For common behaviors, prefer the dedicated fluent helpers instead of manually placing values in the options array. The helpers ensure correct handling across all providers:

Instead of this... Use this...
withOptions(['stream' => true]) withStreaming(true)
withOptions(['max_tokens' => 256]) withMaxTokens(256)
withOptions(['retryPolicy' => [...]]) withRetryPolicy($policy)
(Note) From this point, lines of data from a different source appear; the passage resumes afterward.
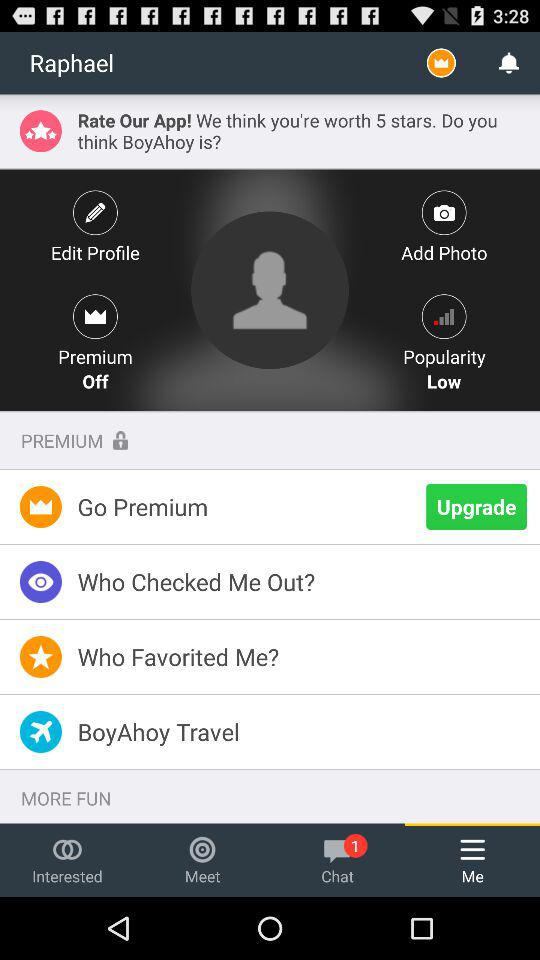How many unread chats are there? There is 1 unread chat. 
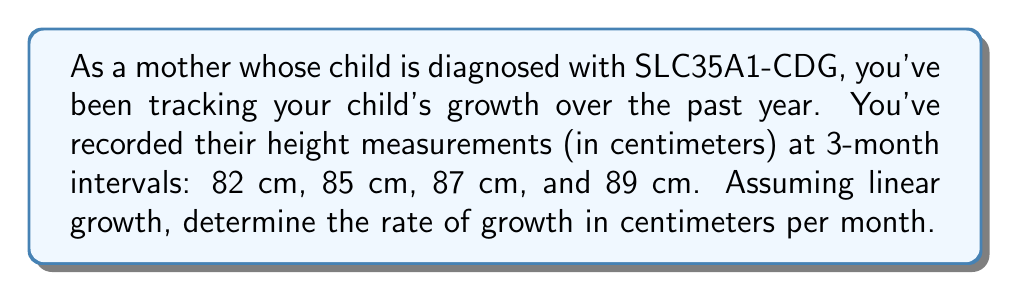Can you answer this question? To solve this problem, we'll follow these steps:

1) First, let's identify the total growth over the year:
   $\text{Total growth} = 89 \text{ cm} - 82 \text{ cm} = 7 \text{ cm}$

2) We need to determine the rate of growth per month. Since we have data for a full year, we can divide the total growth by 12 months:

   $$\text{Rate of growth} = \frac{\text{Total growth}}{\text{Number of months}}$$

   $$\text{Rate of growth} = \frac{7 \text{ cm}}{12 \text{ months}}$$

3) Simplify the fraction:
   
   $$\text{Rate of growth} = \frac{7}{12} \text{ cm/month}$$

4) To express this as a decimal, divide 7 by 12:
   
   $$\text{Rate of growth} \approx 0.5833 \text{ cm/month}$$

This rate indicates that, on average, the child is growing about 0.5833 cm each month, which is consistent with the linear growth assumption given in the problem.

Note: In reality, growth rates for children with SLC35A1-CDG may not be linear and could vary significantly. Regular monitoring and consultation with healthcare providers are crucial for children with this condition.
Answer: The rate of growth is $\frac{7}{12}$ cm/month or approximately 0.5833 cm/month. 
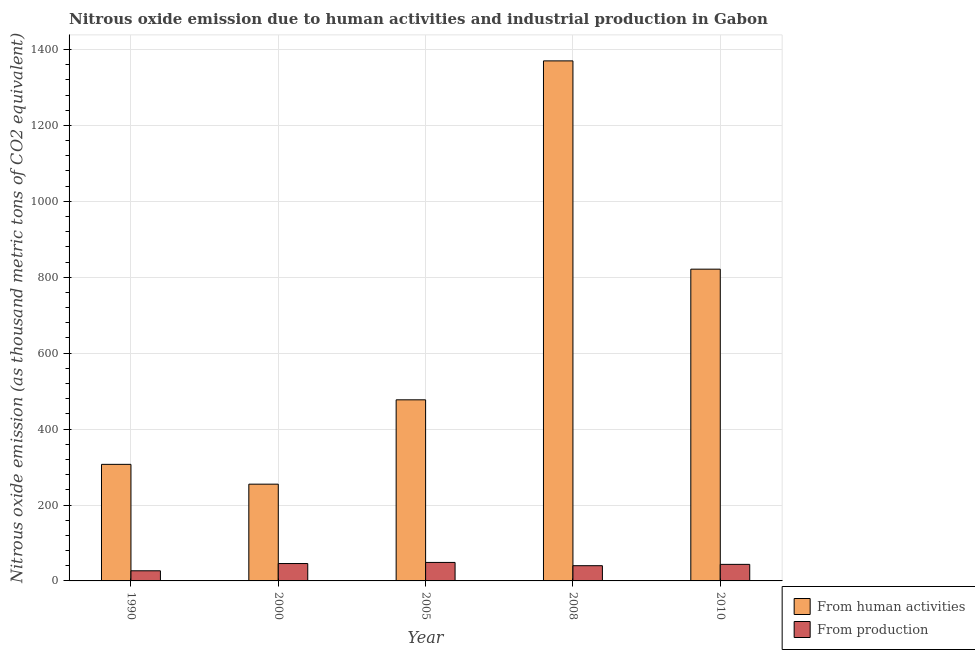How many different coloured bars are there?
Provide a succinct answer. 2. How many groups of bars are there?
Offer a very short reply. 5. Are the number of bars per tick equal to the number of legend labels?
Your response must be concise. Yes. Are the number of bars on each tick of the X-axis equal?
Ensure brevity in your answer.  Yes. How many bars are there on the 5th tick from the left?
Keep it short and to the point. 2. How many bars are there on the 2nd tick from the right?
Make the answer very short. 2. What is the amount of emissions generated from industries in 2010?
Provide a succinct answer. 43.6. Across all years, what is the maximum amount of emissions from human activities?
Ensure brevity in your answer.  1370. Across all years, what is the minimum amount of emissions from human activities?
Offer a very short reply. 254.9. In which year was the amount of emissions generated from industries minimum?
Give a very brief answer. 1990. What is the total amount of emissions generated from industries in the graph?
Your answer should be compact. 204.9. What is the difference between the amount of emissions from human activities in 1990 and that in 2000?
Make the answer very short. 52.2. What is the difference between the amount of emissions generated from industries in 2000 and the amount of emissions from human activities in 2005?
Keep it short and to the point. -2.9. What is the average amount of emissions from human activities per year?
Offer a terse response. 646.08. What is the ratio of the amount of emissions generated from industries in 1990 to that in 2000?
Provide a succinct answer. 0.58. Is the amount of emissions from human activities in 2000 less than that in 2008?
Give a very brief answer. Yes. Is the difference between the amount of emissions generated from industries in 2008 and 2010 greater than the difference between the amount of emissions from human activities in 2008 and 2010?
Your answer should be very brief. No. What is the difference between the highest and the second highest amount of emissions generated from industries?
Give a very brief answer. 2.9. What is the difference between the highest and the lowest amount of emissions from human activities?
Provide a short and direct response. 1115.1. What does the 2nd bar from the left in 2000 represents?
Provide a short and direct response. From production. What does the 2nd bar from the right in 2010 represents?
Your answer should be compact. From human activities. How many bars are there?
Your response must be concise. 10. What is the difference between two consecutive major ticks on the Y-axis?
Offer a very short reply. 200. Does the graph contain any zero values?
Make the answer very short. No. How are the legend labels stacked?
Your answer should be very brief. Vertical. What is the title of the graph?
Your answer should be compact. Nitrous oxide emission due to human activities and industrial production in Gabon. What is the label or title of the X-axis?
Provide a short and direct response. Year. What is the label or title of the Y-axis?
Keep it short and to the point. Nitrous oxide emission (as thousand metric tons of CO2 equivalent). What is the Nitrous oxide emission (as thousand metric tons of CO2 equivalent) of From human activities in 1990?
Give a very brief answer. 307.1. What is the Nitrous oxide emission (as thousand metric tons of CO2 equivalent) in From production in 1990?
Give a very brief answer. 26.7. What is the Nitrous oxide emission (as thousand metric tons of CO2 equivalent) in From human activities in 2000?
Give a very brief answer. 254.9. What is the Nitrous oxide emission (as thousand metric tons of CO2 equivalent) of From production in 2000?
Make the answer very short. 45.8. What is the Nitrous oxide emission (as thousand metric tons of CO2 equivalent) in From human activities in 2005?
Your response must be concise. 477.1. What is the Nitrous oxide emission (as thousand metric tons of CO2 equivalent) in From production in 2005?
Your response must be concise. 48.7. What is the Nitrous oxide emission (as thousand metric tons of CO2 equivalent) of From human activities in 2008?
Ensure brevity in your answer.  1370. What is the Nitrous oxide emission (as thousand metric tons of CO2 equivalent) in From production in 2008?
Your answer should be very brief. 40.1. What is the Nitrous oxide emission (as thousand metric tons of CO2 equivalent) of From human activities in 2010?
Give a very brief answer. 821.3. What is the Nitrous oxide emission (as thousand metric tons of CO2 equivalent) in From production in 2010?
Make the answer very short. 43.6. Across all years, what is the maximum Nitrous oxide emission (as thousand metric tons of CO2 equivalent) in From human activities?
Give a very brief answer. 1370. Across all years, what is the maximum Nitrous oxide emission (as thousand metric tons of CO2 equivalent) of From production?
Ensure brevity in your answer.  48.7. Across all years, what is the minimum Nitrous oxide emission (as thousand metric tons of CO2 equivalent) of From human activities?
Ensure brevity in your answer.  254.9. Across all years, what is the minimum Nitrous oxide emission (as thousand metric tons of CO2 equivalent) in From production?
Offer a terse response. 26.7. What is the total Nitrous oxide emission (as thousand metric tons of CO2 equivalent) of From human activities in the graph?
Your response must be concise. 3230.4. What is the total Nitrous oxide emission (as thousand metric tons of CO2 equivalent) in From production in the graph?
Your response must be concise. 204.9. What is the difference between the Nitrous oxide emission (as thousand metric tons of CO2 equivalent) in From human activities in 1990 and that in 2000?
Provide a short and direct response. 52.2. What is the difference between the Nitrous oxide emission (as thousand metric tons of CO2 equivalent) of From production in 1990 and that in 2000?
Your answer should be compact. -19.1. What is the difference between the Nitrous oxide emission (as thousand metric tons of CO2 equivalent) of From human activities in 1990 and that in 2005?
Keep it short and to the point. -170. What is the difference between the Nitrous oxide emission (as thousand metric tons of CO2 equivalent) of From production in 1990 and that in 2005?
Offer a very short reply. -22. What is the difference between the Nitrous oxide emission (as thousand metric tons of CO2 equivalent) of From human activities in 1990 and that in 2008?
Your answer should be very brief. -1062.9. What is the difference between the Nitrous oxide emission (as thousand metric tons of CO2 equivalent) in From production in 1990 and that in 2008?
Keep it short and to the point. -13.4. What is the difference between the Nitrous oxide emission (as thousand metric tons of CO2 equivalent) in From human activities in 1990 and that in 2010?
Offer a very short reply. -514.2. What is the difference between the Nitrous oxide emission (as thousand metric tons of CO2 equivalent) of From production in 1990 and that in 2010?
Give a very brief answer. -16.9. What is the difference between the Nitrous oxide emission (as thousand metric tons of CO2 equivalent) in From human activities in 2000 and that in 2005?
Your answer should be very brief. -222.2. What is the difference between the Nitrous oxide emission (as thousand metric tons of CO2 equivalent) of From production in 2000 and that in 2005?
Your response must be concise. -2.9. What is the difference between the Nitrous oxide emission (as thousand metric tons of CO2 equivalent) in From human activities in 2000 and that in 2008?
Provide a short and direct response. -1115.1. What is the difference between the Nitrous oxide emission (as thousand metric tons of CO2 equivalent) of From human activities in 2000 and that in 2010?
Your response must be concise. -566.4. What is the difference between the Nitrous oxide emission (as thousand metric tons of CO2 equivalent) in From production in 2000 and that in 2010?
Your response must be concise. 2.2. What is the difference between the Nitrous oxide emission (as thousand metric tons of CO2 equivalent) of From human activities in 2005 and that in 2008?
Keep it short and to the point. -892.9. What is the difference between the Nitrous oxide emission (as thousand metric tons of CO2 equivalent) of From human activities in 2005 and that in 2010?
Ensure brevity in your answer.  -344.2. What is the difference between the Nitrous oxide emission (as thousand metric tons of CO2 equivalent) in From human activities in 2008 and that in 2010?
Make the answer very short. 548.7. What is the difference between the Nitrous oxide emission (as thousand metric tons of CO2 equivalent) in From human activities in 1990 and the Nitrous oxide emission (as thousand metric tons of CO2 equivalent) in From production in 2000?
Offer a terse response. 261.3. What is the difference between the Nitrous oxide emission (as thousand metric tons of CO2 equivalent) of From human activities in 1990 and the Nitrous oxide emission (as thousand metric tons of CO2 equivalent) of From production in 2005?
Provide a succinct answer. 258.4. What is the difference between the Nitrous oxide emission (as thousand metric tons of CO2 equivalent) in From human activities in 1990 and the Nitrous oxide emission (as thousand metric tons of CO2 equivalent) in From production in 2008?
Offer a terse response. 267. What is the difference between the Nitrous oxide emission (as thousand metric tons of CO2 equivalent) in From human activities in 1990 and the Nitrous oxide emission (as thousand metric tons of CO2 equivalent) in From production in 2010?
Offer a terse response. 263.5. What is the difference between the Nitrous oxide emission (as thousand metric tons of CO2 equivalent) of From human activities in 2000 and the Nitrous oxide emission (as thousand metric tons of CO2 equivalent) of From production in 2005?
Offer a very short reply. 206.2. What is the difference between the Nitrous oxide emission (as thousand metric tons of CO2 equivalent) of From human activities in 2000 and the Nitrous oxide emission (as thousand metric tons of CO2 equivalent) of From production in 2008?
Your answer should be compact. 214.8. What is the difference between the Nitrous oxide emission (as thousand metric tons of CO2 equivalent) in From human activities in 2000 and the Nitrous oxide emission (as thousand metric tons of CO2 equivalent) in From production in 2010?
Ensure brevity in your answer.  211.3. What is the difference between the Nitrous oxide emission (as thousand metric tons of CO2 equivalent) of From human activities in 2005 and the Nitrous oxide emission (as thousand metric tons of CO2 equivalent) of From production in 2008?
Make the answer very short. 437. What is the difference between the Nitrous oxide emission (as thousand metric tons of CO2 equivalent) of From human activities in 2005 and the Nitrous oxide emission (as thousand metric tons of CO2 equivalent) of From production in 2010?
Provide a short and direct response. 433.5. What is the difference between the Nitrous oxide emission (as thousand metric tons of CO2 equivalent) in From human activities in 2008 and the Nitrous oxide emission (as thousand metric tons of CO2 equivalent) in From production in 2010?
Your response must be concise. 1326.4. What is the average Nitrous oxide emission (as thousand metric tons of CO2 equivalent) in From human activities per year?
Offer a terse response. 646.08. What is the average Nitrous oxide emission (as thousand metric tons of CO2 equivalent) in From production per year?
Provide a succinct answer. 40.98. In the year 1990, what is the difference between the Nitrous oxide emission (as thousand metric tons of CO2 equivalent) in From human activities and Nitrous oxide emission (as thousand metric tons of CO2 equivalent) in From production?
Offer a terse response. 280.4. In the year 2000, what is the difference between the Nitrous oxide emission (as thousand metric tons of CO2 equivalent) of From human activities and Nitrous oxide emission (as thousand metric tons of CO2 equivalent) of From production?
Make the answer very short. 209.1. In the year 2005, what is the difference between the Nitrous oxide emission (as thousand metric tons of CO2 equivalent) of From human activities and Nitrous oxide emission (as thousand metric tons of CO2 equivalent) of From production?
Provide a succinct answer. 428.4. In the year 2008, what is the difference between the Nitrous oxide emission (as thousand metric tons of CO2 equivalent) of From human activities and Nitrous oxide emission (as thousand metric tons of CO2 equivalent) of From production?
Your answer should be very brief. 1329.9. In the year 2010, what is the difference between the Nitrous oxide emission (as thousand metric tons of CO2 equivalent) in From human activities and Nitrous oxide emission (as thousand metric tons of CO2 equivalent) in From production?
Offer a terse response. 777.7. What is the ratio of the Nitrous oxide emission (as thousand metric tons of CO2 equivalent) in From human activities in 1990 to that in 2000?
Give a very brief answer. 1.2. What is the ratio of the Nitrous oxide emission (as thousand metric tons of CO2 equivalent) of From production in 1990 to that in 2000?
Offer a terse response. 0.58. What is the ratio of the Nitrous oxide emission (as thousand metric tons of CO2 equivalent) in From human activities in 1990 to that in 2005?
Ensure brevity in your answer.  0.64. What is the ratio of the Nitrous oxide emission (as thousand metric tons of CO2 equivalent) of From production in 1990 to that in 2005?
Your answer should be compact. 0.55. What is the ratio of the Nitrous oxide emission (as thousand metric tons of CO2 equivalent) of From human activities in 1990 to that in 2008?
Provide a short and direct response. 0.22. What is the ratio of the Nitrous oxide emission (as thousand metric tons of CO2 equivalent) in From production in 1990 to that in 2008?
Your answer should be compact. 0.67. What is the ratio of the Nitrous oxide emission (as thousand metric tons of CO2 equivalent) of From human activities in 1990 to that in 2010?
Offer a very short reply. 0.37. What is the ratio of the Nitrous oxide emission (as thousand metric tons of CO2 equivalent) in From production in 1990 to that in 2010?
Your answer should be very brief. 0.61. What is the ratio of the Nitrous oxide emission (as thousand metric tons of CO2 equivalent) in From human activities in 2000 to that in 2005?
Your answer should be compact. 0.53. What is the ratio of the Nitrous oxide emission (as thousand metric tons of CO2 equivalent) in From production in 2000 to that in 2005?
Provide a short and direct response. 0.94. What is the ratio of the Nitrous oxide emission (as thousand metric tons of CO2 equivalent) of From human activities in 2000 to that in 2008?
Offer a terse response. 0.19. What is the ratio of the Nitrous oxide emission (as thousand metric tons of CO2 equivalent) of From production in 2000 to that in 2008?
Provide a short and direct response. 1.14. What is the ratio of the Nitrous oxide emission (as thousand metric tons of CO2 equivalent) in From human activities in 2000 to that in 2010?
Keep it short and to the point. 0.31. What is the ratio of the Nitrous oxide emission (as thousand metric tons of CO2 equivalent) in From production in 2000 to that in 2010?
Your answer should be very brief. 1.05. What is the ratio of the Nitrous oxide emission (as thousand metric tons of CO2 equivalent) of From human activities in 2005 to that in 2008?
Make the answer very short. 0.35. What is the ratio of the Nitrous oxide emission (as thousand metric tons of CO2 equivalent) of From production in 2005 to that in 2008?
Ensure brevity in your answer.  1.21. What is the ratio of the Nitrous oxide emission (as thousand metric tons of CO2 equivalent) in From human activities in 2005 to that in 2010?
Your answer should be very brief. 0.58. What is the ratio of the Nitrous oxide emission (as thousand metric tons of CO2 equivalent) in From production in 2005 to that in 2010?
Provide a short and direct response. 1.12. What is the ratio of the Nitrous oxide emission (as thousand metric tons of CO2 equivalent) in From human activities in 2008 to that in 2010?
Your answer should be very brief. 1.67. What is the ratio of the Nitrous oxide emission (as thousand metric tons of CO2 equivalent) of From production in 2008 to that in 2010?
Provide a succinct answer. 0.92. What is the difference between the highest and the second highest Nitrous oxide emission (as thousand metric tons of CO2 equivalent) of From human activities?
Provide a succinct answer. 548.7. What is the difference between the highest and the second highest Nitrous oxide emission (as thousand metric tons of CO2 equivalent) in From production?
Ensure brevity in your answer.  2.9. What is the difference between the highest and the lowest Nitrous oxide emission (as thousand metric tons of CO2 equivalent) in From human activities?
Your answer should be very brief. 1115.1. What is the difference between the highest and the lowest Nitrous oxide emission (as thousand metric tons of CO2 equivalent) of From production?
Your response must be concise. 22.

These helpers set values that the request builder manages separately from the raw options array, ensuring they are applied correctly regardless of the provider.

Provider-Specific Options

Different providers accept different option keys. Here are a few examples:

OpenAI

$response = Inference::using('openai')
    ->withMessages(Messages::fromString('Write a poem about programming.'))
    ->withOptions([
        'temperature' => 0.7,
        'top_p' => 0.9,
        'frequency_penalty' => 0.5,
        'presence_penalty' => 0.3,
    ])
    ->get();

Anthropic

$response = Inference::using('anthropic')
    ->withMessages(Messages::fromString('Write a poem about programming.'))
    ->withOptions([
        'temperature' => 0.7,
        'top_p' => 0.9,
        'top_k' => 40,
    ])
    ->get();

Retry Policy

Retry behavior is configured explicitly through withRetryPolicy() -- never place it inside the options array. Polyglot will throw an InvalidArgumentException if you do.

<?php
use Cognesy\Polyglot\Inference\Config\InferenceRetryPolicy;
use Cognesy\Polyglot\Inference\Inference;

$retryPolicy = new InferenceRetryPolicy(
    maxAttempts: 3,
    baseDelayMs: 500,
    maxDelayMs: 8000,
    jitter: 'full',               // none, full, or equal
    retryOnStatus: [429, 500, 502, 503, 504],
);

$response = Inference::using('openai')
    ->withMessages(Messages::fromString('Summarize this article.'))
    ->withRetryPolicy($retryPolicy)
    ->get();

The retry policy supports exponential backoff with configurable jitter and can also recover from truncated responses:

Parameter Default Description
maxAttempts 1 Total attempts (1 = no retry)
baseDelayMs 250 Base delay in milliseconds
maxDelayMs 8000 Maximum delay cap
jitter 'full' Jitter strategy: none, full, or equal
retryOnStatus [408,429,500,...] HTTP status codes that trigger a retry
retryOnExceptions Timeout, Network Exception classes that trigger a retry
lengthRecovery 'none' Recovery mode: none, continue, increase_max_tokens
lengthMaxAttempts 1 Max attempts for length recovery
lengthContinuePrompt 'Continue.' Prompt used for continue recovery mode
maxTokensIncrement 512 Token increment for increase_max_tokens mode

Response Cache Policy

Control whether responses are cached in memory for reuse:

<?php
use Cognesy\Polyglot\Inference\Enums\ResponseCachePolicy;
use Cognesy\Polyglot\Inference\Inference;

$response = Inference::using('openai')
    ->withMessages(Messages::fromString('What is 2 + 2?'))
    ->withResponseCachePolicy(ResponseCachePolicy::Memory)
    ->get();

Available policies:

  • ResponseCachePolicy::None -- no caching (default)
  • ResponseCachePolicy::Memory -- cache responses in memory for the current process

Cached Context

Use withCachedContext() to attach stable, reusable context that should be prepended to every request. This is useful when you have shared system instructions, tool definitions, or response formats that remain constant across multiple calls:

<?php
use Cognesy\Polyglot\Inference\Inference;
use Cognesy\Messages\Messages;
use Cognesy\Polyglot\Inference\Data\ToolChoice;
use Cognesy\Polyglot\Inference\Data\ResponseFormat;

$base = Inference::using('openai')->withCachedContext(
    messages: Messages::fromArray([
        ['role' => 'system', 'content' => 'You are an expert PHP developer.'],
    ]),
    tools: $sharedToolDefinitions,
    toolChoice: ToolChoice::auto(),
    responseFormat: ResponseFormat::jsonObject(),
);

// Each call inherits the cached context automatically
$response1 = $base->withMessages(Messages::fromString('Explain SOLID principles.'))->get();
$response2 = $base->withMessages(Messages::fromString('What is the Repository pattern?'))->get();

When the request is executed, cached context is merged with the request-level fields: cached messages are prepended to the request messages, and cached tools, tool choice, and response format are used as defaults when the request does not specify its own.

Drivers can map cached context to provider-native caching features (such as Anthropic's prompt caching) when available.